HGAP4 - NBISweden/workshop-genome_assembly GitHub Wiki
HGAP4 / Falcon assembly
Notes:
- HGAP4 is based on the Falcon assembler.
- HGAP4 is available through the SMRT Link package (and SMRT Link must be correctly setup to either use the queuing system or run locally)
pbsmrtpipe
can be forced to run locally using--local-only
.- Falcon-Unzip is not compatible with HGAP4 output, but the folder structure can be modified with some work.
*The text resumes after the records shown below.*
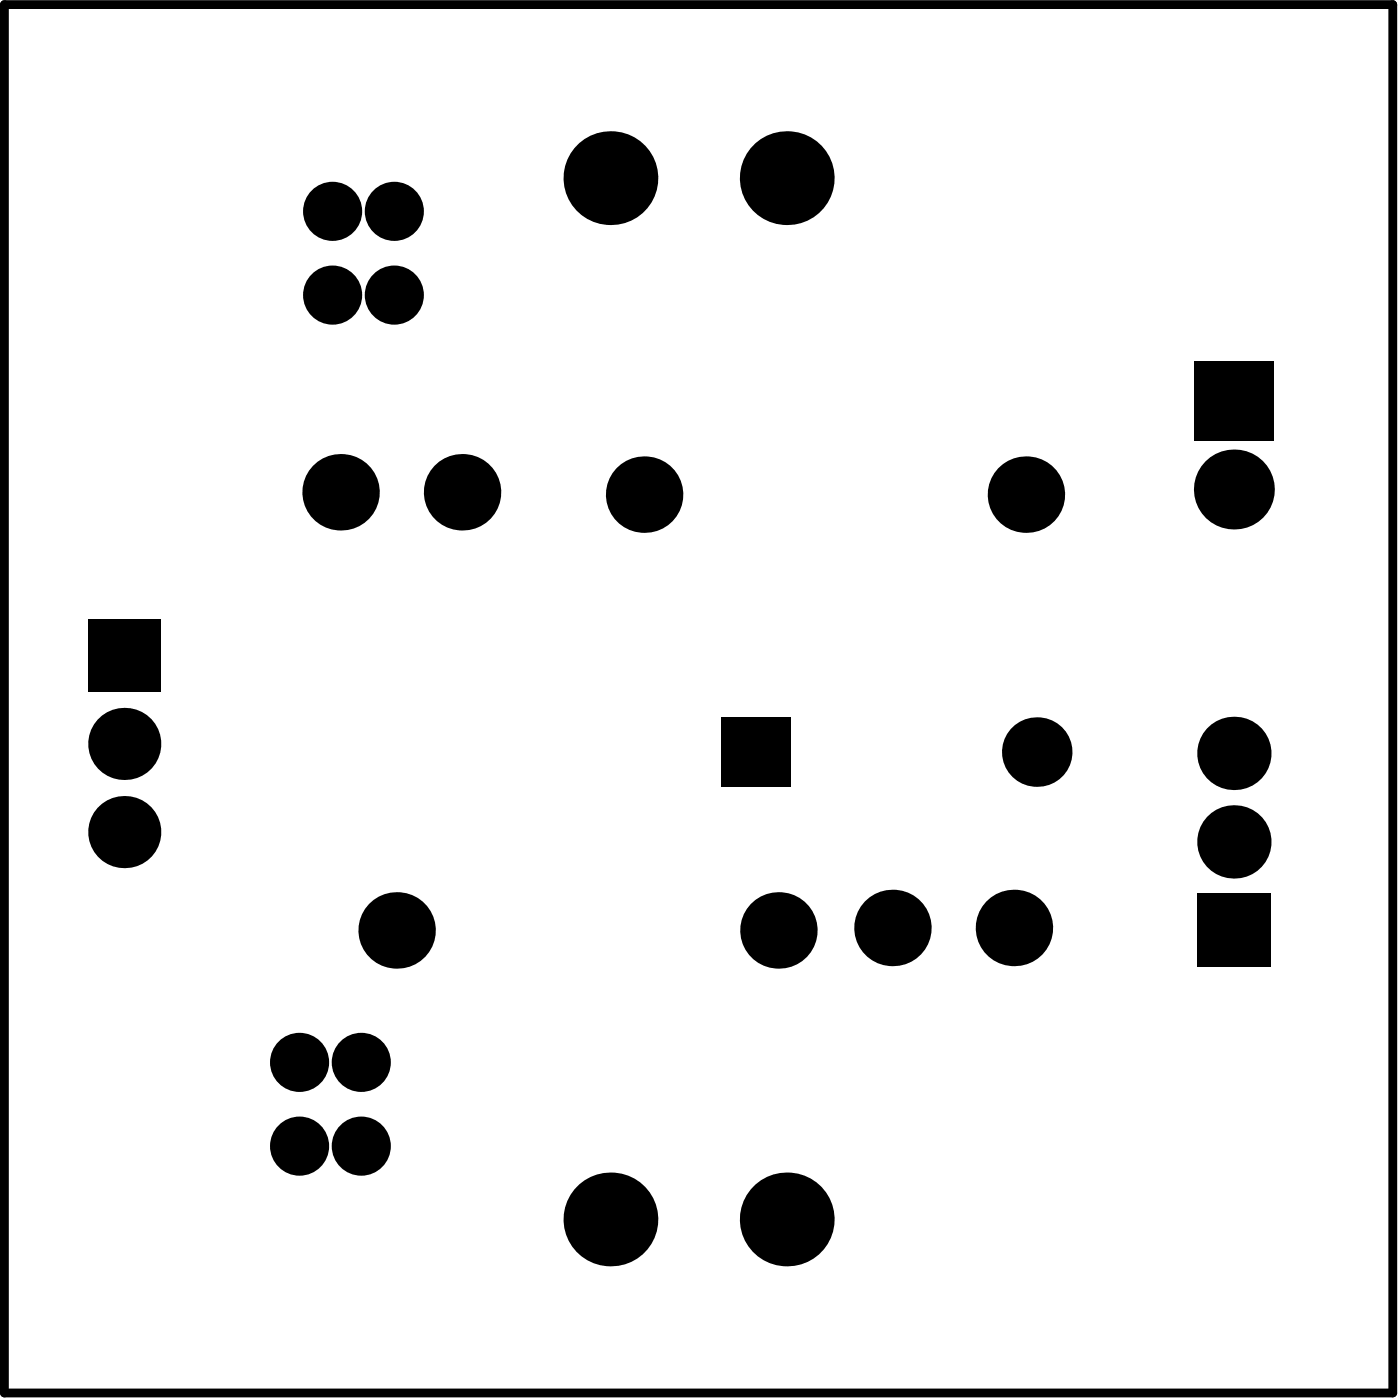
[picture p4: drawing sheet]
<svg xmlns="http://www.w3.org/2000/svg" width="134mm" height="134mm" viewBox="0 0 134 134" stroke-linecap="round" stroke-linejoin="round" font-family="sans-serif">
<path d="M.4 .4h133v133h-133z" fill="none" stroke="#000" stroke-width=".84"/>
<g fill="#000">
<circle cx="58.5" cy="17.1" r="4.5"/>
<circle cx="75.3" cy="17.1" r="4.5"/>
<circle cx="31.8" cy="20.2" r="2.83"/>
<circle cx="31.8" cy="28.3" r="2.83"/>
<circle cx="37.8" cy="20.2" r="2.83"/>
<circle cx="37.8" cy="28.3" r="2.83"/>
<circle cx="32.6" cy="47.1" r="3.7"/>
<circle cx="44.2" cy="47.1" r="3.7"/>
<circle cx="61.7" cy="47.4" r="3.7"/>
<circle cx="98.2" cy="47.4" r="3.7"/>
<circle cx="118.2" cy="46.9" r="3.8"/>
<circle cx="11.9" cy="71.2" r="3.5"/>
<circle cx="11.9" cy="79.7" r="3.5"/>
<circle cx="99.3" cy="72" r="3.3"/>
<circle cx="118.2" cy="72.1" r="3.5"/>
<circle cx="38" cy="89.1" r="3.7"/>
<circle cx="74.5" cy="89.1" r="3.7"/>
<circle cx="85.5" cy="88.9" r="3.7"/>
<circle cx="97.1" cy="88.9" r="3.7"/>
<circle cx="118.2" cy="80.6" r="3.5"/>
<circle cx="28.7" cy="109.7" r="2.83"/>
<circle cx="28.7" cy="101.7" r="2.83"/>
<circle cx="34.6" cy="109.7" r="2.83"/>
<circle cx="34.6" cy="101.7" r="2.83"/>
<circle cx="58.5" cy="116.8" r="4.5"/>
<circle cx="75.3" cy="116.8" r="4.5"/>
</g>
<g fill="#000">
<path d="M8.4 59.3h7v6.9h-7z" fill-rule="evenodd"/>
<path d="M114.3 34.6h7.7v7.7h-7.7z" fill-rule="evenodd"/>
<path d="M69 68.7h6.7v6.6h-6.7z" fill-rule="evenodd"/>
<path d="M114.6 85.6h7.1v7h-7.1z" fill-rule="evenodd"/>
</g>
</svg>

See https://pb-falcon.readthedocs.io/en/latest/hgap4_adapt.html for details.
- If running locally on a node, modify the workflow options accordingly after running
pbsmrtpipe show-workflow-options
.
Assembly with HGAP4
This uses the pbsmrtpipe
preconfigured pipeline to run HGAP4.
# 1) Convert subreads BAM to a subreadset XML
dataset create ${PREFIX}.subreadset.xml ${PREFIX}.subreads.bam
# 2) Create a preset XML for the pipeline parameters, and print description of parameters to screen.
pbsmrtpipe show-template-details -o ${PREFIX}.preset.xml pbsmrtpipe.pipelines.polished_falcon_fat
# 3) Change important parameters in the ${PREFIX}.preset.xml such as estimated genome size (`HGAP_GenomeLength_str`).
# Add --placeGapConsistently to pbalign parameters (`pbalign.task_options.algorithm_options`).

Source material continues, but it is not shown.